Список pgsql-performance
On Mon, 2007-07-23 at 16:48 +0100, Simon Riggs wrote:
> On Mon, 2007-07-23 at 10:54 -0400, Tom Lane wrote:
> > "Simon Riggs" <simon@2ndquadrant.com> writes:
> > > I looked at this last May and my notes say "ExecutorState". I guess that
> > > was wrong, but my analysis showed there was a single malloc of 8228
> > > bytes happening once per query during my tests.
> >
> > Well, if you can track down where it's coming from, we could certainly
> > hack the containing context's parameters.  But EState's not it.
>
> Well, I discover there is an allocation of 8232 (inflation...) made once
> per statement by a memory context called... ExecutorState.
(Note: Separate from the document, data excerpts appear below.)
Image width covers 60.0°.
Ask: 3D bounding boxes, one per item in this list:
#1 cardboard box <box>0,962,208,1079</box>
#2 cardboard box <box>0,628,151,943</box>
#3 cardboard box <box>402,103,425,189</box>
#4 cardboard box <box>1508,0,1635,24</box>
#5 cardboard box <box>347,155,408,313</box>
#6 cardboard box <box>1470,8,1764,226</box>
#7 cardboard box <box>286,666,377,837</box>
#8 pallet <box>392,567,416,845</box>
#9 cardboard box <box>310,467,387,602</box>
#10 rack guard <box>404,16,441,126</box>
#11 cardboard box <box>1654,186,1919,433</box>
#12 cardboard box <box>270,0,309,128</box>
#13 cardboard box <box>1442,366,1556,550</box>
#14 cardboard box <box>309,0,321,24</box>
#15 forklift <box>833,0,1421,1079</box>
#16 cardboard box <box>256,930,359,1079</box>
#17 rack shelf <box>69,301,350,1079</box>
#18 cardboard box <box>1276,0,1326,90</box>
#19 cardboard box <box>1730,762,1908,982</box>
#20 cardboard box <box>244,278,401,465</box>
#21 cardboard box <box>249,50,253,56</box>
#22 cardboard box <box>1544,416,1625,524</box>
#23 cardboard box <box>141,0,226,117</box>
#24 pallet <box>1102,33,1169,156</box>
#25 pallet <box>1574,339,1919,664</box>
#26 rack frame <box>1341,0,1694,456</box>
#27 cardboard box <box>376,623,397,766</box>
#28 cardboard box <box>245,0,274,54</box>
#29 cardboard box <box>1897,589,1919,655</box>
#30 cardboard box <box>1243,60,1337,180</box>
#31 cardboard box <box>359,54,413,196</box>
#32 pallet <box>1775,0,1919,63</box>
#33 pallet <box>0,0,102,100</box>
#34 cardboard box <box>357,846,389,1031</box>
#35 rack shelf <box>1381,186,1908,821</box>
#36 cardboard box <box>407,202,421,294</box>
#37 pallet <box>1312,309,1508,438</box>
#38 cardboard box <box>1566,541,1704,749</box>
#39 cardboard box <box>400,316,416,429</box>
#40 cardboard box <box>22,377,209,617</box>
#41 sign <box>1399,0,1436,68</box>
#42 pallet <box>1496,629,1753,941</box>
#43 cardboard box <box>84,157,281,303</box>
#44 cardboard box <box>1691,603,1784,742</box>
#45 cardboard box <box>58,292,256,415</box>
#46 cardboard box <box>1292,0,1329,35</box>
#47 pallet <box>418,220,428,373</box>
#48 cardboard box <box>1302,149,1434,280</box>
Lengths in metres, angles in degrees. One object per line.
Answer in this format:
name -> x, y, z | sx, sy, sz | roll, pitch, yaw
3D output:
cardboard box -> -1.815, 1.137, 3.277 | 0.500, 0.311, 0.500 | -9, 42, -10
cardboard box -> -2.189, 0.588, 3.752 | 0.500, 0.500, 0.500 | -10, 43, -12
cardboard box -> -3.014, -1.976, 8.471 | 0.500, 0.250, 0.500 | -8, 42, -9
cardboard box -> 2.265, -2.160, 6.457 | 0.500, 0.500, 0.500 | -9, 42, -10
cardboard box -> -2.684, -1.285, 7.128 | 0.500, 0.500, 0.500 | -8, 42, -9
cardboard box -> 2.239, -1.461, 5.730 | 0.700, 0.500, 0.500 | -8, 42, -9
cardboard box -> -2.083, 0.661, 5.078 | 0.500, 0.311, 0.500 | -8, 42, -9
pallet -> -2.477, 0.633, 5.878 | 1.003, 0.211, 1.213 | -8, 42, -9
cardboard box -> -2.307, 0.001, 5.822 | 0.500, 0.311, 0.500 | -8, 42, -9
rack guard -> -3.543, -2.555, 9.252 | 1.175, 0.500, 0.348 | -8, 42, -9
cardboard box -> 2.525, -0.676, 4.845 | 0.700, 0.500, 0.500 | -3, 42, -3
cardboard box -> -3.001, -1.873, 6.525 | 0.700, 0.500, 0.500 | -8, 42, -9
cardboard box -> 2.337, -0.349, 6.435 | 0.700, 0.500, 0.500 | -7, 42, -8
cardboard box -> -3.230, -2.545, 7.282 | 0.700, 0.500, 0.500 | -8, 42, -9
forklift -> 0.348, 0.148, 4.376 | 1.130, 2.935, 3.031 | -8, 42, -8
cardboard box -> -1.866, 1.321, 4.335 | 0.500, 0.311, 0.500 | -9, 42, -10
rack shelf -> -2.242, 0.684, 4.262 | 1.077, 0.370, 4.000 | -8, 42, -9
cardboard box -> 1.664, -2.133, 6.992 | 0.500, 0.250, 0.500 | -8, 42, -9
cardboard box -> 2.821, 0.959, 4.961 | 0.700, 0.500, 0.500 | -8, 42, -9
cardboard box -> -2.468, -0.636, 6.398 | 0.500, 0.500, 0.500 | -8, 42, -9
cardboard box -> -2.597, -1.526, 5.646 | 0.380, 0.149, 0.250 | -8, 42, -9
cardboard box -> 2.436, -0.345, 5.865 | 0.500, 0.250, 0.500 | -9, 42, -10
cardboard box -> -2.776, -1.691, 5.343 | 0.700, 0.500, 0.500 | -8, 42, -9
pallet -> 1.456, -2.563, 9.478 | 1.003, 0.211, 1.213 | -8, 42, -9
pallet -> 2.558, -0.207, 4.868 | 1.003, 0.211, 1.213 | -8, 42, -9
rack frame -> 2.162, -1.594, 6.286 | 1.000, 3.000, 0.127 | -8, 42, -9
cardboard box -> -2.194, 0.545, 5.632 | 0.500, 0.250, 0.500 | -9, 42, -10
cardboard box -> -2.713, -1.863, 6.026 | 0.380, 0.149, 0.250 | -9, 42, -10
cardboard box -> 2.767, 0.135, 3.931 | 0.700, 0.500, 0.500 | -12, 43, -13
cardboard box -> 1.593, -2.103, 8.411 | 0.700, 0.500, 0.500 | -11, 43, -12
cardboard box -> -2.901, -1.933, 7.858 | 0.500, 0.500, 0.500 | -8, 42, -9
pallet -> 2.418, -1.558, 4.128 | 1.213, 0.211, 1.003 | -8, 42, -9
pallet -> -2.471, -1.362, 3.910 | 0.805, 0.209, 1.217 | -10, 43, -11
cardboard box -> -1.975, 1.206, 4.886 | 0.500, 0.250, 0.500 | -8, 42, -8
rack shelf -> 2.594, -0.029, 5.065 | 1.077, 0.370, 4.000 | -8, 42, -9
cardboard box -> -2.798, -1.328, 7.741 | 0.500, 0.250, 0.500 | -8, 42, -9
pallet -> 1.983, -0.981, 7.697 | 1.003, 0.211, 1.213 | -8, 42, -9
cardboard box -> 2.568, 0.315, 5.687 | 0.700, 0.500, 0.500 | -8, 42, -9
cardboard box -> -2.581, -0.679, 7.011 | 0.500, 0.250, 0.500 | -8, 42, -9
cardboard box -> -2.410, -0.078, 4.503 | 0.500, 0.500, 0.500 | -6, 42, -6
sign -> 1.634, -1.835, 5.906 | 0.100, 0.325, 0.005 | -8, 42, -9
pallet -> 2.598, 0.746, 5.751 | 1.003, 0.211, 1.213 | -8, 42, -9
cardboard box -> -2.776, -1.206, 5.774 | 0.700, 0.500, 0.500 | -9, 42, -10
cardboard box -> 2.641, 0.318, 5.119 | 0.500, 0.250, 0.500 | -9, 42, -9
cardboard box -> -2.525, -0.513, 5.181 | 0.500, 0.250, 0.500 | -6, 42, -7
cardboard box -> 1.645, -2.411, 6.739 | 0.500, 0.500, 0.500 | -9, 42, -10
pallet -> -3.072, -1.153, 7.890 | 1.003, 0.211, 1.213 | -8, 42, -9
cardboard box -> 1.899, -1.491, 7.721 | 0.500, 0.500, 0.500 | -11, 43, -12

Still not
> sure exactly which allocation this is, but its definitely once per
> statement on pgbench, which should narrow it down. Plan, query etc?
>
> I don't see a way to hack the allocation, since the max chunk size is
> 8K.

It is the allocation of BTScanOpaqueData called from btrescan() in
nbtree.c

currPos and markPos are defined as BTScanPosData, which is an array of
BTScanPosItems. That makes BTScanOpaqueData up to 8232 bytes, which
seems wasteful since markPos is only ever used during merge joins. Most
of that space isn't even used during merge joins either, we just do that
to slightly optimise the speed of the restore during merge joins.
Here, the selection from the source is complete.